Advent is the antithesis of Black Friday.
Black Friday is all about scarcity, limited opportunities, and fear of missing out. It is about chaos and frenzy. Everything about Black Friday screams “ME!!!”
Advent, on the other hand, offers the promise of abundance and hope. It is about calm and peace. It is about recognizing that it is, in fact, not about me. Advent celebrates the dawn of an era—the coming of Jesus—marked by uninhibited selflessness: a new kind of love found in Jesus Christ.

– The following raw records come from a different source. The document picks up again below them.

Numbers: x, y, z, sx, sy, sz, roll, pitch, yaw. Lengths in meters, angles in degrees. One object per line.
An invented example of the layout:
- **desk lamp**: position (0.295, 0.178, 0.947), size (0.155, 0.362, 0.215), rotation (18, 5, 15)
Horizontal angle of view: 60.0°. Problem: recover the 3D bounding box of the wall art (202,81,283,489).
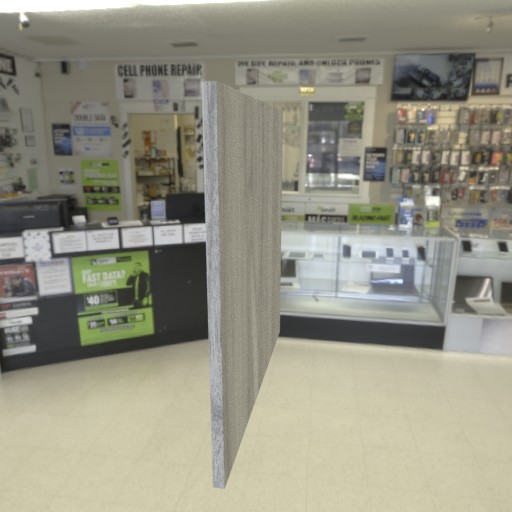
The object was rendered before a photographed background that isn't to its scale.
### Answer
- **wall art**: position (0.000, 0.000, 0.765), size (0.016, 0.507, 0.508), rotation (3, 15, 11)
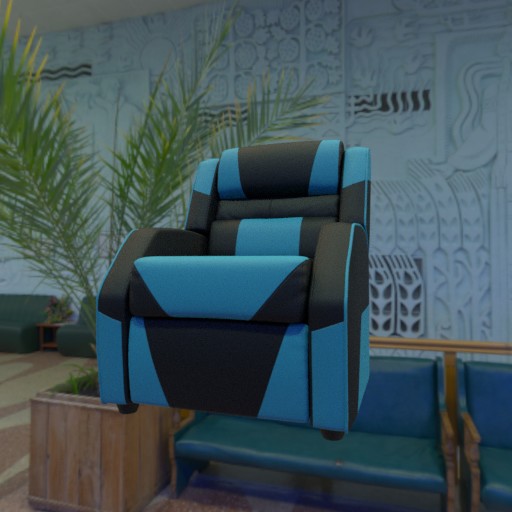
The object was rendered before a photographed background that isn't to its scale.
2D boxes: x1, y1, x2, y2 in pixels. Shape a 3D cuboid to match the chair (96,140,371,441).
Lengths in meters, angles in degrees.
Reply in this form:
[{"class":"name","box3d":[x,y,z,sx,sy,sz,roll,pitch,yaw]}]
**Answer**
[{"class":"chair","box3d":[0.000,0.000,1.299,0.620,0.805,0.672,0,-1,19]}]
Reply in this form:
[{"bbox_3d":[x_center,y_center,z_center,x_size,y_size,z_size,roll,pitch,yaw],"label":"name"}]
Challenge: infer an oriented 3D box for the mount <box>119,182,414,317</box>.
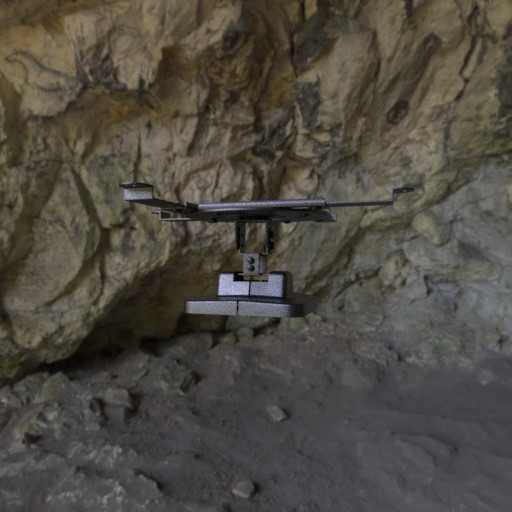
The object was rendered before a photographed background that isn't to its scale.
[{"bbox_3d":[0.000,0.000,0.593,0.394,0.141,0.394,0,0,17],"label":"mount"}]
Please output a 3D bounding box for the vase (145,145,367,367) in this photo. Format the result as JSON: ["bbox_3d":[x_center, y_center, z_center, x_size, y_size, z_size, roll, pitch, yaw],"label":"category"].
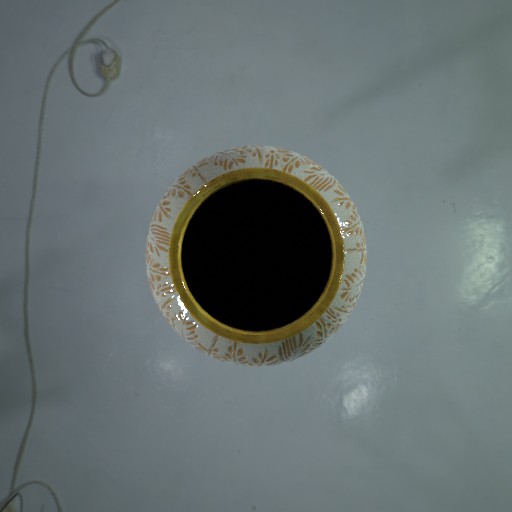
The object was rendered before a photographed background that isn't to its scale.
[{"bbox_3d":[0.000,0.000,0.374,0.172,0.270,0.172,0,90,0],"label":"vase"}]

The uninhibited love that flows in the Kingdom of God as a result of the coming of Christ is not just a fleeting warm fuzzy feeling. It is an ongoing unselfish concern for the good of others. In fact, the better word here is charity, which is the kind of love that God shows—a totally selfless love. This kind of love involves sacrifice because it means putting our own needs on the back burner. The saints are legendary for their heroic acts of sacrifice, many of them quite dramatic. In less dramatic but no less heroic ways, ordinary people practice this kind of love day in and day out—parents setting aside their own needs to care for the needs of their children, spouses setting aside their own needs to care for one another, older siblings setting
aside their own needs to tend to the needs of younger siblings, workers setting aside their own needs to tend to the needs of a customer or co-worker, and so on.
Above all things, this attitude of selflessness is the most noticeable attitude of Kingdom-dwellers who are basking in the glow of the ultimate act of selflessness—God giving us his own Son, Emmanuel—God-with-us. So much so that Tertullian, a second-century Church father, reported that the Romans often commented when observing Christians, “See how they love one another.” This doesn’t mean that the early Christians “love-bombed” one another with hugs and expressions of affection (although such displays did occur), but rather were known to consistently and without inhibition act, not in their own interests, but in the interests of others.
The only thing that Black Friday and Advent have in common is that they both emphasize saving—the former is about saving money, while the latter is about Jesus saving us! It is the presence of Emmanuel—God-with-us—and the overflowing abundant grace that have busted down the door of sin that have ushered in an era of unbridled selflessness to effectively save us from ourselves.